EXERCISE PROMPT: Would you please output, word for word, the span of the listing below that opens on the line containing "For every layout" and closes on the line containing "list Via de nieuwsbrief"? Include both ends and nothing more.
+---+
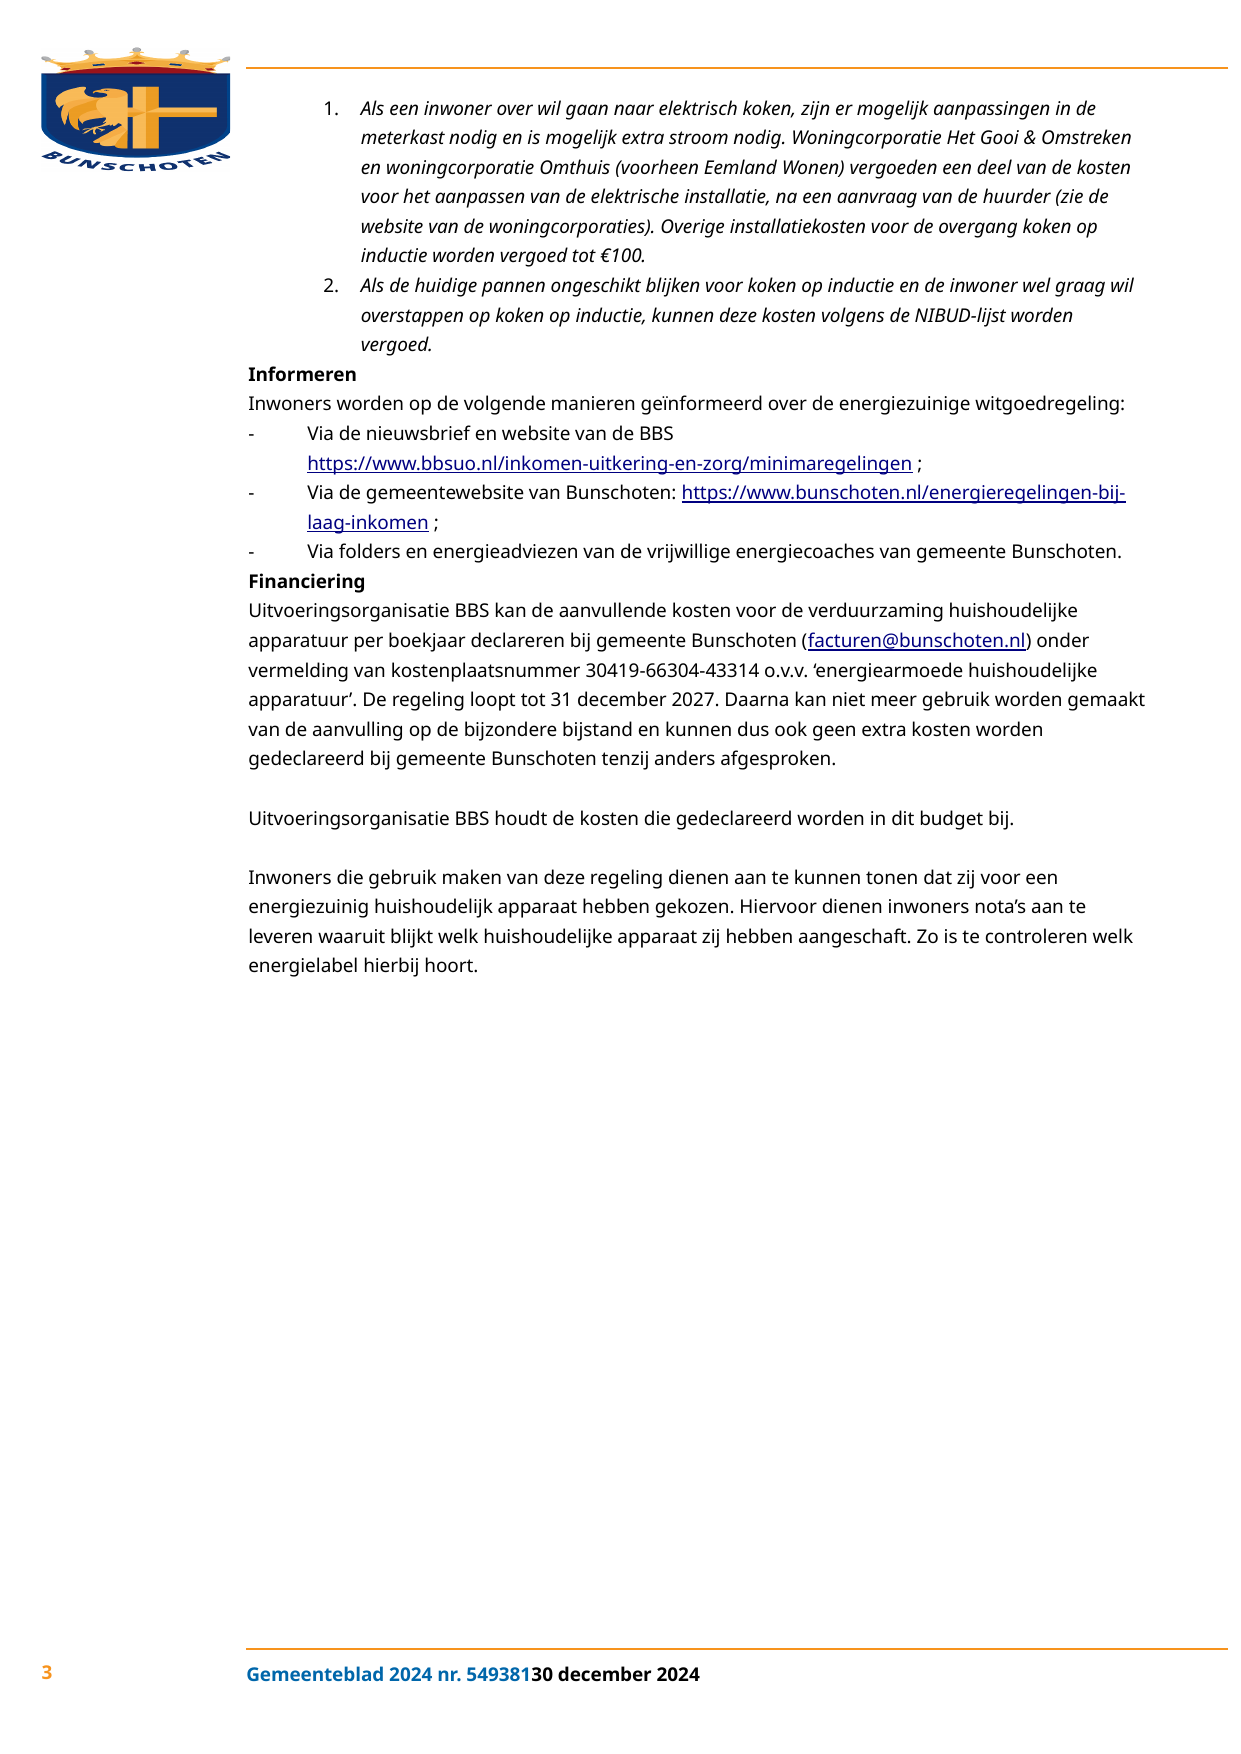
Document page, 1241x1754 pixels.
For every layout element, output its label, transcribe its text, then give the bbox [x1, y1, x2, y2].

list Via de gemeentewebsite van Bunschoten: https://www.bunschoten.nl/energieregelingen-bij-laag-inkomen ; [248, 479, 1152, 535]
text Uitvoeringsorganisatie BBS kan de aanvullende kosten voor de verduurzaming huishoudelijke apparatuur per boekjaar declareren bij gemeente Bunschoten (facturen@bunschoten.nl) onder vermelding van kostenplaatsnummer 30419-66304-43314 o.v.v. ‘energiearmoede huishoudelijke apparatuur’. De regeling loopt tot 31 december 2027. Daarna kan niet meer gebruik worden gemaakt van de aanvulling op de bijzondere bijstand en kunnen dus ook geen extra kosten worden gedeclareerd bij gemeente Bunschoten tenzij anders afgesproken. [248, 598, 1152, 771]
text Inwoners die gebruik maken van deze regeling dienen aan te kunnen tonen dat zij voor een energiezuinig huishoudelijk apparaat hebben gekozen. Hiervoor dienen inwoners nota’s aan te leveren waaruit blijkt welk huishoudelijke apparaat zij hebben aangeschaft. Zo is te controleren welk energielabel hierbij hoort. [248, 864, 1152, 978]
list Via de nieuwsbrief en website van de BBS https://www.bbsuo.nl/inkomen-uitkering-en-zorg/minimaregelingen ; [248, 420, 1152, 476]
list Als een inwoner over wil gaan naar elektrisch koken, zijn er mogelijk aanpassingen in de meterkast nodig en is mogelijk extra stroom nodig. Woningcorporatie Het Gooi & Omstreken en woningcorporatie Omthuis (voorheen Eemland Wonen) vergoeden een deel van de kosten voor het aanpassen van de elektrische installatie, na een aanvraag van de huurder (zie de website van de woningcorporaties). Overige installatiekosten voor de overgang koken op inductie worden vergoed tot €100. [323, 95, 1152, 268]
text Inwoners worden op de volgende manieren geïnformeerd over de energiezuinige witgoedregeling: [248, 391, 1152, 416]
picture [41, 47, 231, 172]
text Uitvoeringsorganisatie BBS houdt de kosten die gedeclareerd worden in dit budget bij. [248, 805, 1152, 831]
text Financiering [248, 568, 1152, 594]
text Informeren [248, 361, 1152, 387]
list Als de huidige pannen ongeschikt blijken voor koken op inductie en de inwoner wel graag wil overstappen op koken op inductie, kunnen deze kosten volgens de NIBUD-lijst worden vergoed. [323, 272, 1152, 357]
list Via folders en energieadviezen van de vrijwillige energiecoaches van gemeente Bunschoten. [248, 538, 1152, 564]
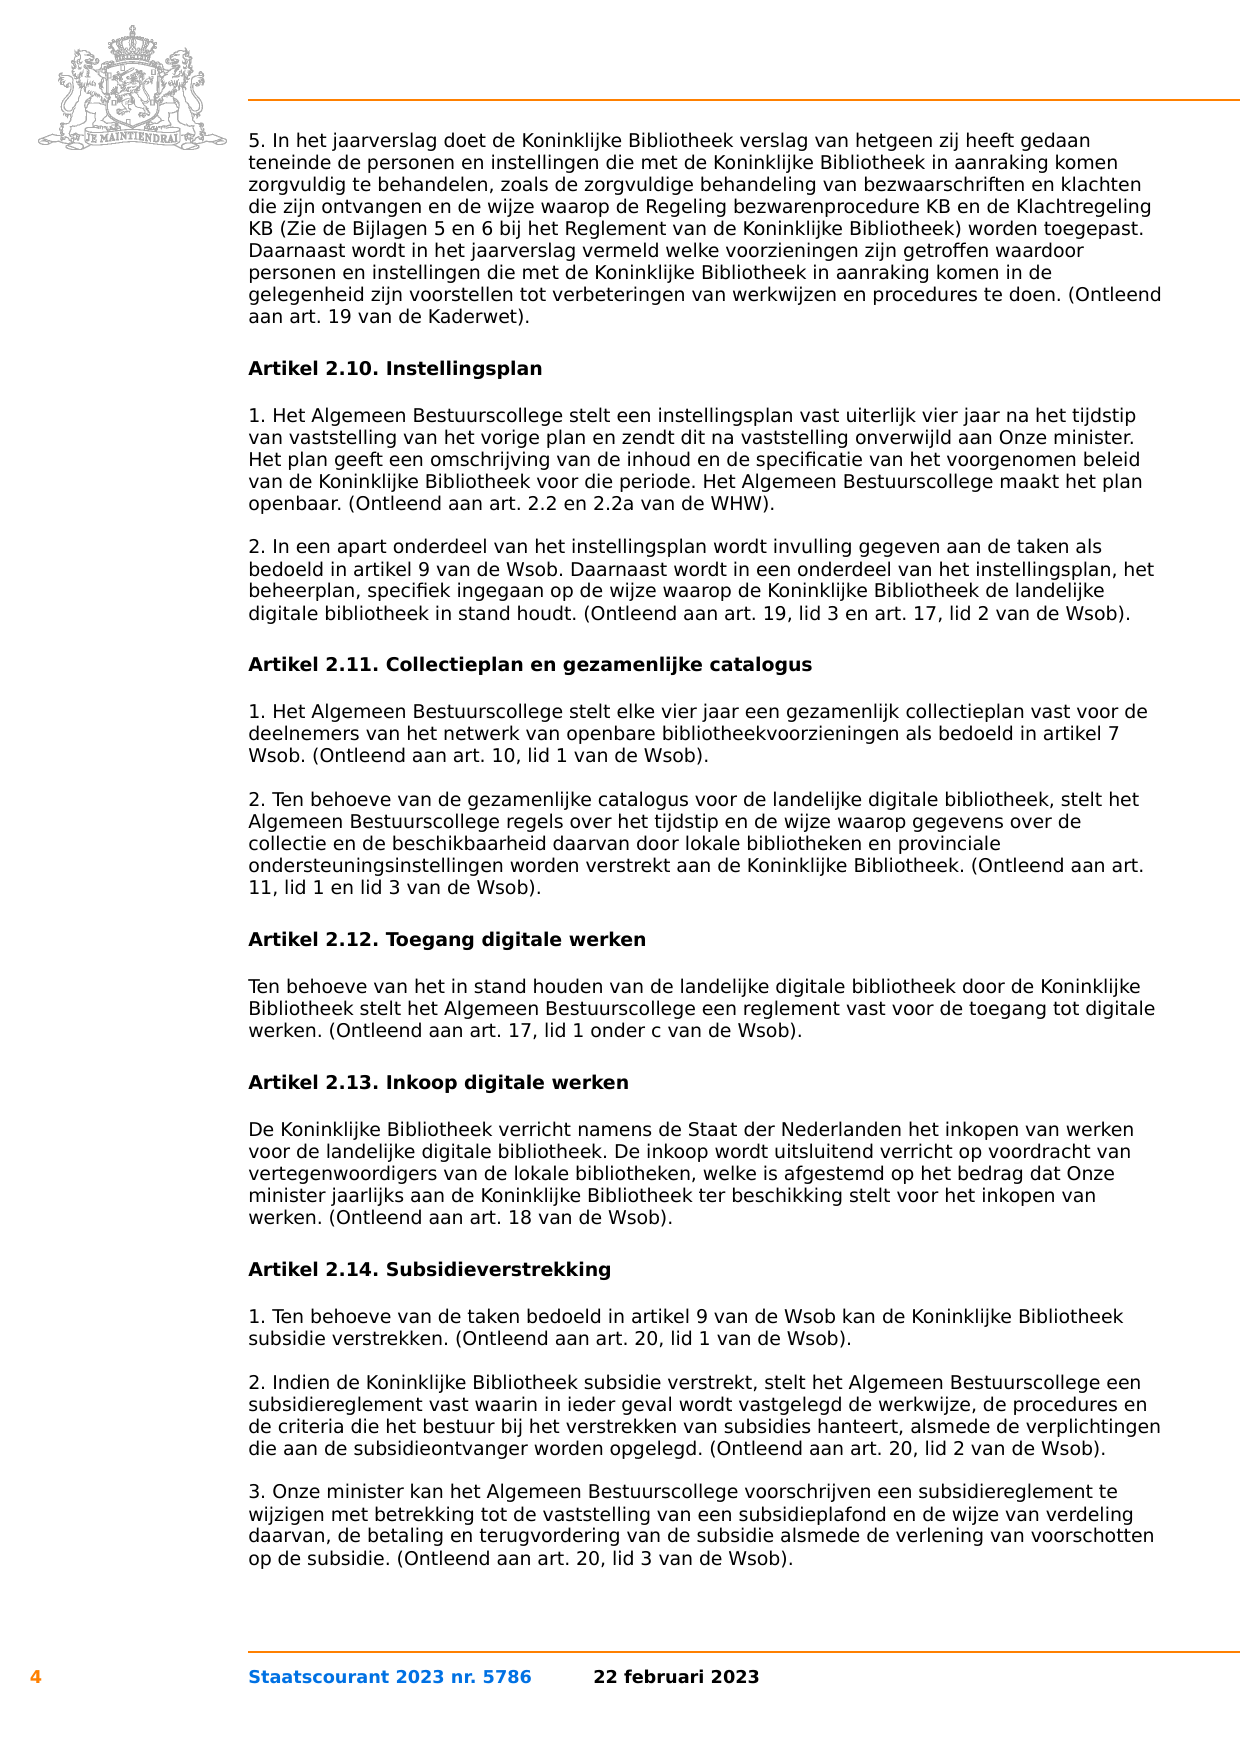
+---+
PROBLEM SOLUTION:
For every layout element, output its label, transcribe its text, then give the bbox [x1, y1, x2, y2].

list Via de gemeentewebsite van Bunschoten: https://www.bunschoten.nl/energieregelingen-bij-laag-inkomen ; [248, 479, 1152, 535]
text Uitvoeringsorganisatie BBS kan de aanvullende kosten voor de verduurzaming huishoudelijke apparatuur per boekjaar declareren bij gemeente Bunschoten (facturen@bunschoten.nl) onder vermelding van kostenplaatsnummer 30419-66304-43314 o.v.v. ‘energiearmoede huishoudelijke apparatuur’. De regeling loopt tot 31 december 2027. Daarna kan niet meer gebruik worden gemaakt van de aanvulling op de bijzondere bijstand en kunnen dus ook geen extra kosten worden gedeclareerd bij gemeente Bunschoten tenzij anders afgesproken. [248, 598, 1152, 771]
text Inwoners die gebruik maken van deze regeling dienen aan te kunnen tonen dat zij voor een energiezuinig huishoudelijk apparaat hebben gekozen. Hiervoor dienen inwoners nota’s aan te leveren waaruit blijkt welk huishoudelijke apparaat zij hebben aangeschaft. Zo is te controleren welk energielabel hierbij hoort. [248, 864, 1152, 978]
list Via de nieuwsbrief en website van de BBS https://www.bbsuo.nl/inkomen-uitkering-en-zorg/minimaregelingen ; [248, 420, 1152, 476]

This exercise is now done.